(Stored items)
────

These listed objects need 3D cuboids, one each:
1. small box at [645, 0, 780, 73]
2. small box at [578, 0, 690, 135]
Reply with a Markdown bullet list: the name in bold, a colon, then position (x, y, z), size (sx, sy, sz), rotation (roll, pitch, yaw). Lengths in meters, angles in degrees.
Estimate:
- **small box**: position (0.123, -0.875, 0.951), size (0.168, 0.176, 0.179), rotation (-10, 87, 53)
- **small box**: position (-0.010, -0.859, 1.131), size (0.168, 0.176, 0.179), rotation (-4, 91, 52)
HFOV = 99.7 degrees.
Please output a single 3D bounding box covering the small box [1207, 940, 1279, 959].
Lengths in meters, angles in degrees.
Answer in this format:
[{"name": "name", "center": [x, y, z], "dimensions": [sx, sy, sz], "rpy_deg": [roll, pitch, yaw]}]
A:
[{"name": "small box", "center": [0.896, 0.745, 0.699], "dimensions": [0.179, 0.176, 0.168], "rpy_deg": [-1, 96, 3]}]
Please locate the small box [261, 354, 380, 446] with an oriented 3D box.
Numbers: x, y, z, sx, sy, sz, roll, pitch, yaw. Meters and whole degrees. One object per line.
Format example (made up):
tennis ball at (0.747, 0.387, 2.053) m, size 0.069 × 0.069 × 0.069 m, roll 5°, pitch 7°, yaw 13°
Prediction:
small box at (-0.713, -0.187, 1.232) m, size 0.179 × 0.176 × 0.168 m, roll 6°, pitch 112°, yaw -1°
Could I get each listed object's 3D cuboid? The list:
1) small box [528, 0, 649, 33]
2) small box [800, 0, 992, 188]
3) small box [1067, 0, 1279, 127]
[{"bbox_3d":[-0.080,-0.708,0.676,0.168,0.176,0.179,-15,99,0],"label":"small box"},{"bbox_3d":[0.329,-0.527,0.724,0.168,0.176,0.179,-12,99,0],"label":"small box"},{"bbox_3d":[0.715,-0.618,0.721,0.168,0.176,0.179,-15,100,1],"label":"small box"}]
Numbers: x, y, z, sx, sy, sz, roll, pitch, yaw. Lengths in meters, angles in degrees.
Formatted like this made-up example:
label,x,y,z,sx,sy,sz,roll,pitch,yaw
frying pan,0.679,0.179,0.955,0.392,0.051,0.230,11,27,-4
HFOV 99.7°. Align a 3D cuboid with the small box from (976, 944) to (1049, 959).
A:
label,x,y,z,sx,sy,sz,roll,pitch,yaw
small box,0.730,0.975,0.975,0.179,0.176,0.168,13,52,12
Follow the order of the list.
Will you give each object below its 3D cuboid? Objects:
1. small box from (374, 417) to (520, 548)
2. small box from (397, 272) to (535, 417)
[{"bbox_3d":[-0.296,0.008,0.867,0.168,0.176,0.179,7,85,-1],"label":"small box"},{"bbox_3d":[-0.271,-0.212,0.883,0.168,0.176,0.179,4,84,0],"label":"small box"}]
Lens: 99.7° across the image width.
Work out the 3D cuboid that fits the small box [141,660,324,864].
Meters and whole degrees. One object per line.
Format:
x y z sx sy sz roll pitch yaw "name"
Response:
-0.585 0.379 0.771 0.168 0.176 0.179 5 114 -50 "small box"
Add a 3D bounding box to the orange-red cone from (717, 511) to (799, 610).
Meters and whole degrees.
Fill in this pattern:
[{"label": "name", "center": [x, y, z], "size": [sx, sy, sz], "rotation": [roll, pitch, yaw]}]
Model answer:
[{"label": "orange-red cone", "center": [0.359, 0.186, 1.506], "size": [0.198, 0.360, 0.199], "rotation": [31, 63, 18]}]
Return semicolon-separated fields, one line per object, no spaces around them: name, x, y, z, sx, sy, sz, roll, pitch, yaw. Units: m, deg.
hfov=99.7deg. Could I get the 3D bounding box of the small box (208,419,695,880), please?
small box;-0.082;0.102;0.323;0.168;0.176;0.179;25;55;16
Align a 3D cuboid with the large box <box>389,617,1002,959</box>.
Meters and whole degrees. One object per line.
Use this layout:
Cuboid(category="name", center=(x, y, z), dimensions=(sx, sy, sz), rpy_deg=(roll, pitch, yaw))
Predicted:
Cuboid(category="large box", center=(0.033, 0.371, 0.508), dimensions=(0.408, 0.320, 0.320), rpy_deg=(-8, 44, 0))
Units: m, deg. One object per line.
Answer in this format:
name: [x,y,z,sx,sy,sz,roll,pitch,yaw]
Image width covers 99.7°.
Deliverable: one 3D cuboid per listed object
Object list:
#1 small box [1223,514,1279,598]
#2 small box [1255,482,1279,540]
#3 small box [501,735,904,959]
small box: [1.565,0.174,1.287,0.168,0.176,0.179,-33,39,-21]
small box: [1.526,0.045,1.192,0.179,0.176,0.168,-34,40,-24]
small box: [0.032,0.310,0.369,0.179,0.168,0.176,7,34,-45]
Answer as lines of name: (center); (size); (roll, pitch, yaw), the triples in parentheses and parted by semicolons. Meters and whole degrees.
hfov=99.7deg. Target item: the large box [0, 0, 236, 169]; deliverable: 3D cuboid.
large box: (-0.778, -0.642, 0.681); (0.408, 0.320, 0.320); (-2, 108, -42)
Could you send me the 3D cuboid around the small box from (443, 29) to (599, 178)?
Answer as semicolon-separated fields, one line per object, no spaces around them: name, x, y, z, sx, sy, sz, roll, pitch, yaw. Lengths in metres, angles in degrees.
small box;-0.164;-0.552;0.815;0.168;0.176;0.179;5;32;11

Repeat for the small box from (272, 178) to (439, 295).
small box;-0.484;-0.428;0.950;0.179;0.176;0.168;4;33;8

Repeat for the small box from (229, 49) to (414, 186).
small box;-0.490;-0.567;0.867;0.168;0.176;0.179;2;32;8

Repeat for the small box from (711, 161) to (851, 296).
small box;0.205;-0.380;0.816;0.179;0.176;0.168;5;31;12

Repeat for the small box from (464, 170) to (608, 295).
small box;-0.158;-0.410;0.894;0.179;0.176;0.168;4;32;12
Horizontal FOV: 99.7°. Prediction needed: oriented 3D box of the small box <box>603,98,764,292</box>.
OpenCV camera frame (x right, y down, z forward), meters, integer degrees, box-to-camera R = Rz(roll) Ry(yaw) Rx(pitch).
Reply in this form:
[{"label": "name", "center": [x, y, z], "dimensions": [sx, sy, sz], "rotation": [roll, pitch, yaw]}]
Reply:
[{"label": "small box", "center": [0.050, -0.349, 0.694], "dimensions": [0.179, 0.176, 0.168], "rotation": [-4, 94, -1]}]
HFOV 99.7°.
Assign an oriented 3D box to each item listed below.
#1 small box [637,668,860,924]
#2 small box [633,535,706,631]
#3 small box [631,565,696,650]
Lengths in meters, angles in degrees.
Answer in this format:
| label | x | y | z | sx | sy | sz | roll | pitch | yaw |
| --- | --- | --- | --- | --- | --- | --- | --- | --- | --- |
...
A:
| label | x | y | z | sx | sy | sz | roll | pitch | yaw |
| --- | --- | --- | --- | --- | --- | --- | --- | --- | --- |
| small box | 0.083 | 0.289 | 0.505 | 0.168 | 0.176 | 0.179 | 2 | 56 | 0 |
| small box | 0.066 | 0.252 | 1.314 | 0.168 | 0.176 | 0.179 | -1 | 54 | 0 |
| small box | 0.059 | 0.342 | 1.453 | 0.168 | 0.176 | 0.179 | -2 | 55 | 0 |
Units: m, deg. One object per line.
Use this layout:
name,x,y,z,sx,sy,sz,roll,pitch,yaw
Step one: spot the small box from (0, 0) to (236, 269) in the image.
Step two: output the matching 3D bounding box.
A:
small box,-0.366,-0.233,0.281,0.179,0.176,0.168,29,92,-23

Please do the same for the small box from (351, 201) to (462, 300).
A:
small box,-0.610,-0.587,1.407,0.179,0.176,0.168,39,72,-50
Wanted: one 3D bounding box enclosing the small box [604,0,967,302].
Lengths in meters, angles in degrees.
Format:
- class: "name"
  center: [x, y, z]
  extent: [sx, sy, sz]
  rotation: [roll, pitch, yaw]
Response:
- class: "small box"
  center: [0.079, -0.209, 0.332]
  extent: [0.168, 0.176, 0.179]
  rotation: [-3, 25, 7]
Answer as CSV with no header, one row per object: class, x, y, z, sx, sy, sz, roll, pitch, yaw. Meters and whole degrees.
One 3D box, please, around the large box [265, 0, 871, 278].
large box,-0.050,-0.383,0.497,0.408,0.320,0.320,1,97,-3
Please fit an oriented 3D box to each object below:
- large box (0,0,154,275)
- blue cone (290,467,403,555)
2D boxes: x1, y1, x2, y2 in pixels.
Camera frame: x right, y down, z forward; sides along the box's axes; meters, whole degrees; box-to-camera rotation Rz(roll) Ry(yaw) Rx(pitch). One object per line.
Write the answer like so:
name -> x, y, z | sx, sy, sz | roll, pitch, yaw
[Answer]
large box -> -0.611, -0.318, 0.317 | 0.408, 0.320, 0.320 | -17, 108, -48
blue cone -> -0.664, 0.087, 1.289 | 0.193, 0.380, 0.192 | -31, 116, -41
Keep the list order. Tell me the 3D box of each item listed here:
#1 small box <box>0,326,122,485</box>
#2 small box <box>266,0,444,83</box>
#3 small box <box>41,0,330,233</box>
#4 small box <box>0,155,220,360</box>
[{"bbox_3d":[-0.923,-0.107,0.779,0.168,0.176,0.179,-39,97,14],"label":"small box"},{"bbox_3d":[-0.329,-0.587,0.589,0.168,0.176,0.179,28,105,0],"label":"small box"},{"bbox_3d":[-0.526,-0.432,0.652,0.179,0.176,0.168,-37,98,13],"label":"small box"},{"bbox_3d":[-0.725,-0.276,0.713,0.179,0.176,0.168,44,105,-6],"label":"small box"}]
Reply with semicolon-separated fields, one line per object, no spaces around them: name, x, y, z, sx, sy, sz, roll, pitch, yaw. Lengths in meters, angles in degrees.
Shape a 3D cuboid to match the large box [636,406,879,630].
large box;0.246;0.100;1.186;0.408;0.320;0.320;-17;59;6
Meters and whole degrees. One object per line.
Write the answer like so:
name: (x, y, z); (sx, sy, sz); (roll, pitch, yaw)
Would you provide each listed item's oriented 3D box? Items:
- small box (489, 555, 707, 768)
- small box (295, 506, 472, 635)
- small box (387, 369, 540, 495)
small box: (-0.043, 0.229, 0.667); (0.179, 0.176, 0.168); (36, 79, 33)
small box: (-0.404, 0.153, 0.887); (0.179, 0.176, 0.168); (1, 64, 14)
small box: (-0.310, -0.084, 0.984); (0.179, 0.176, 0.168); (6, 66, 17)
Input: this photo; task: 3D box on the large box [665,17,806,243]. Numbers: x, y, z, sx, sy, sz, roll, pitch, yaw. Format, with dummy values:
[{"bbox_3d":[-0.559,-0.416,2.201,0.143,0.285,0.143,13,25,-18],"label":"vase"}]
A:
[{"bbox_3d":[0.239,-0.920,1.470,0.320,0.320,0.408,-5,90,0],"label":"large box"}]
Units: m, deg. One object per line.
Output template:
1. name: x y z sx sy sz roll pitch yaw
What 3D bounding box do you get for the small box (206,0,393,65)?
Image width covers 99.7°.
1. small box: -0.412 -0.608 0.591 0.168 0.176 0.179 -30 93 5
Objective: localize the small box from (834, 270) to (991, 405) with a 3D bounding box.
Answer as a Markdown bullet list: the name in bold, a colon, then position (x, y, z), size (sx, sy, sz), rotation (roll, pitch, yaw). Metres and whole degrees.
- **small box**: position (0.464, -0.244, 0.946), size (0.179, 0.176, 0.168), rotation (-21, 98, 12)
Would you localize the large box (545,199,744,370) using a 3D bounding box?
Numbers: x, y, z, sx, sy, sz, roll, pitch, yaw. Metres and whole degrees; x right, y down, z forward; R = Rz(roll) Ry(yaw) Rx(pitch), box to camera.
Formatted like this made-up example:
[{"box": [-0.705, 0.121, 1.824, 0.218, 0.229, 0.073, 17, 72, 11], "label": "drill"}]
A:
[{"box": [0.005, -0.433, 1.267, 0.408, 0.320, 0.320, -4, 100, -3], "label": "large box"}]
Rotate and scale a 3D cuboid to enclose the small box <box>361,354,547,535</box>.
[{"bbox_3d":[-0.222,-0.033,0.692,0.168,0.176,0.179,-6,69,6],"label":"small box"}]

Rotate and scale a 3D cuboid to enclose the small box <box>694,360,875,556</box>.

────

** WHAT IS EXPECTED **
Return a copy of every line in the records that includes the string "right".

** RESULT OF THE TASK **
OpenCV camera frame (x right, y down, z forward), meters, integer degrees, box-to-camera R = Rz(roll) Ry(yaw) Rx(pitch).
Camera frame: x right, y down, z forward; sides along the box's axes; meters, whole degrees; box-to-camera rotation Rz(roll) Ry(yaw) Rx(pitch). One object per line.
Numbers: x, y, z, sx, sy, sz, roll, pitch, yaw. Metres and whole degrees; x right, y down, z forward; R = Rz(roll) Ry(yaw) Rx(pitch), box to camera.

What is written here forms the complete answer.